Recombinant Adeno-Associated Virus can be used in a genome editing platform that uses rAAV vectors to enable insertion, deletion or replacement of DNA sequences in a cell's genes. Horizon has an exclusive global license for research applications for this technology.
Zinc Finger Nucleases are engineered DNA binding proteins that can be designed to bind to a wide variety of DNA sequences and function by introducing a double stranded break at a specified location in the genome. Horizon has licensed this technology from Sigma-Aldrich for use in custom in vitro and exclusively for in vivo gene-editing projects.
CRISPR/Cas9 is an RNA-guided gene-editing platform derived from Streptococcus pyogenes that makes use of an endonuclease and a synthetic guide RNA to introduce a double strand break at a specific location within the genome. Horizon has licensed IP from Harvard University, the Broad Institute and ERS Genomics with the goal of being able to ensure uninterrupted use of this technology to customers.
Through its gene editing platform, Horizon is able to alter genes in virtually any human or mammalian cell line. Based on this, Horizon now offers over 23,000 cell line pairs that accurately model the mutations found in genetically based diseases. These ‘patients-in-a-test-tube’ are being used directly by customers, or by Horizon on their behalf, to identify the effect of individual or compound genetic mutations on drug activity, patient responsiveness, and resistance, which may lead to the successful prediction of which patient sub-groups will respond to currently available and future drug treatments. Once built, engineered cells can also act as product manufacturing engines, yielding related cell and reagent products that can be used by customers as research tools or molecular diagnostic reference standards or as a means to generate advanced in vivo models, or even as factories for the manufacturing of protein-based therapeutics. In this way, the cells power Horizon’s entire business of Products, Services and high value Research Biotech initiatives.
Businesses
Horizon operates through three business units; Products, Services and Research Biotech. Products and Services are offered under the following brands:
Cell Lines: Horizon offers a catalog of more than 23,000 gene edited cell line pairs that can be used to study the role of any gene in a variety of cellular processes and thus provides a tractable model for the study of human gene function.
HDx Reference Standards: Horizon is a leading provider of genetically defined, human genomic reference standards, including Formalin-Fixed Paraffin-Embedded cell line sections and purified genomic DNA, as a sustainable source of reference material to laboratories, proficiency schemes and manufacturers.
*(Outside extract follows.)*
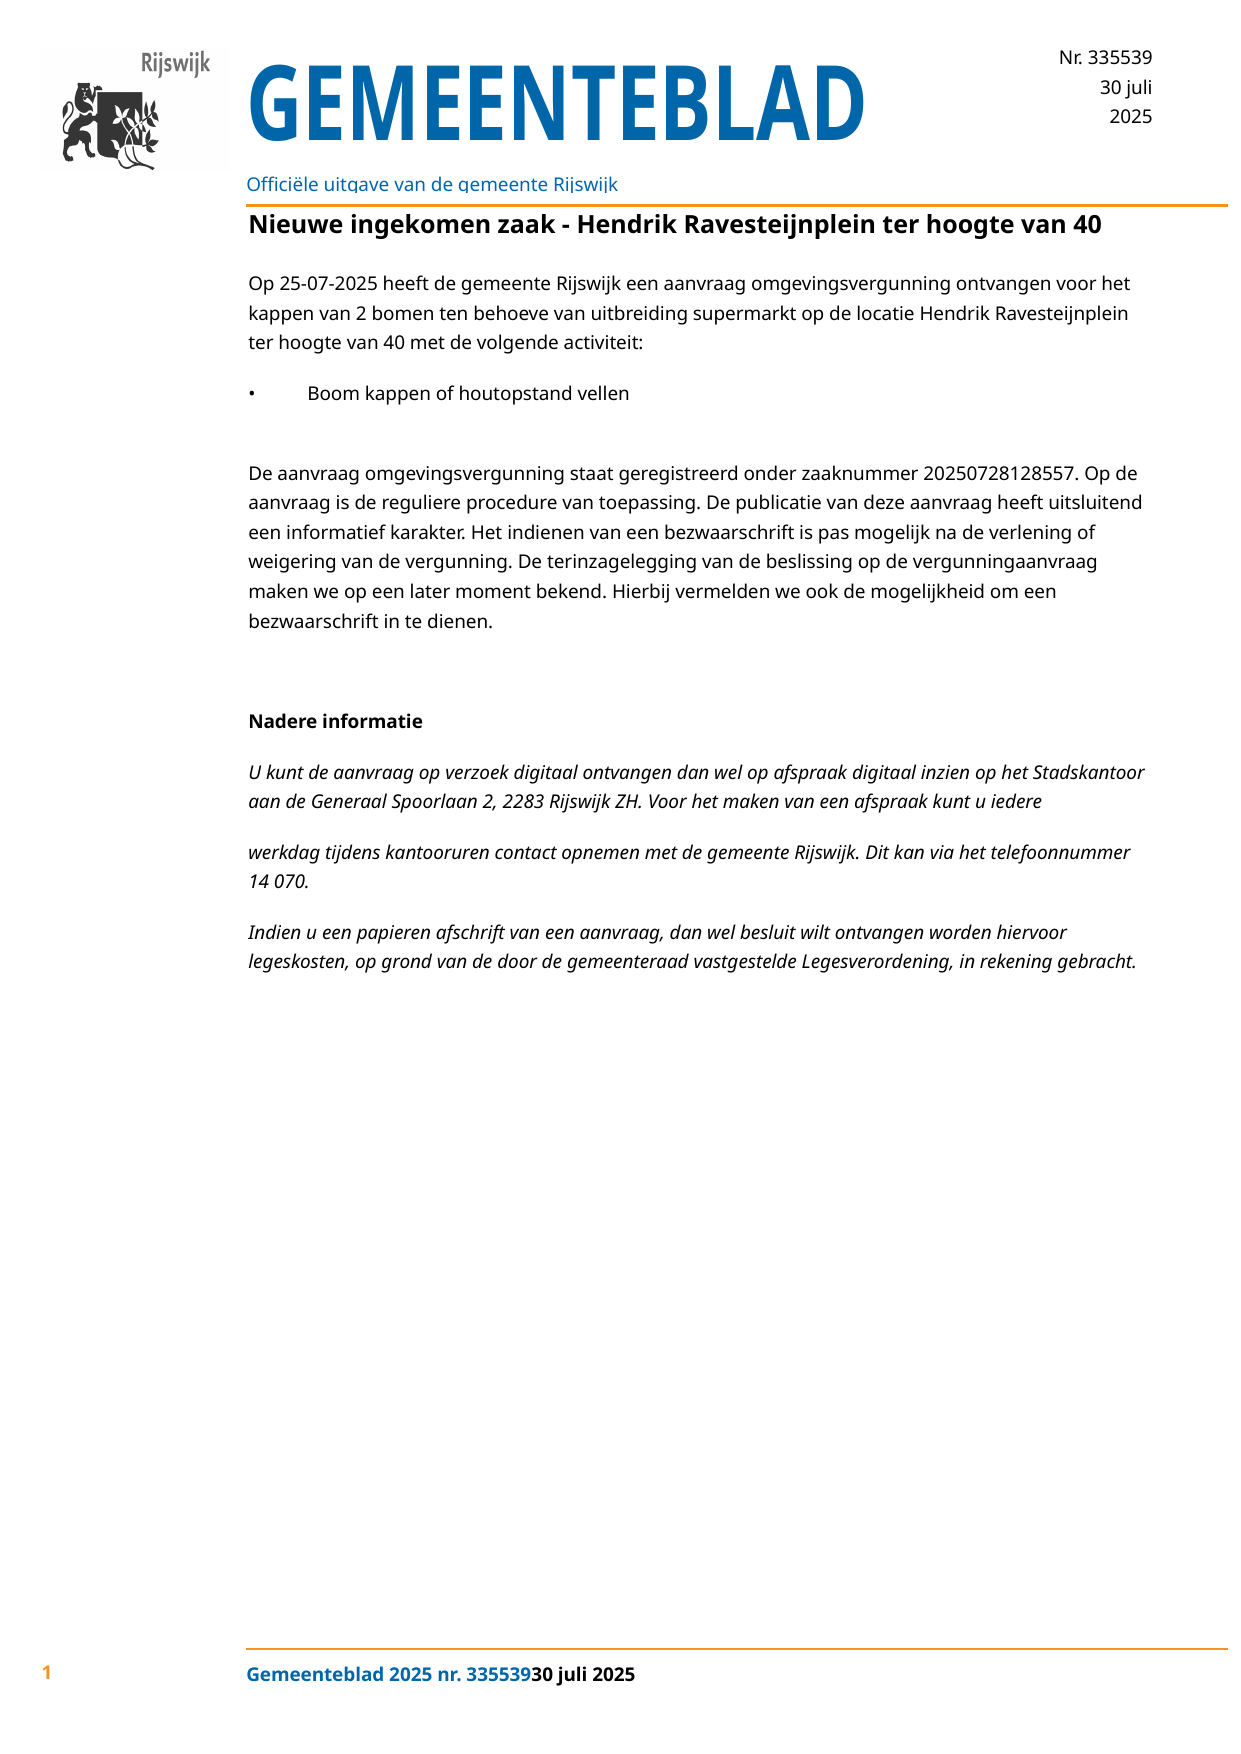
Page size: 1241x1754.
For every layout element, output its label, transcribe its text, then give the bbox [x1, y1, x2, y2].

SAGE in vivo Models: Horizon Discovery acquired Sage Labs in 2014 and now partners with the leading minds in neurobiology, cardiobiology, immunology and toxicology to develop next-generation preclinical models for advanced disease research.
CHO SOURCE Biomanufacturing Cell Lines: Horizon provides products and services that aim to revolutionize the production of large molecule therapeutics, providing innovative and accessible solutions for all organizations of all sizes.
Pathfinder Research Services: Pathfinder Research Services include precision gene-editing, isogenic cell line assays, cutting edge screening platforms and in vivo models to help solve your research and drug development challenges.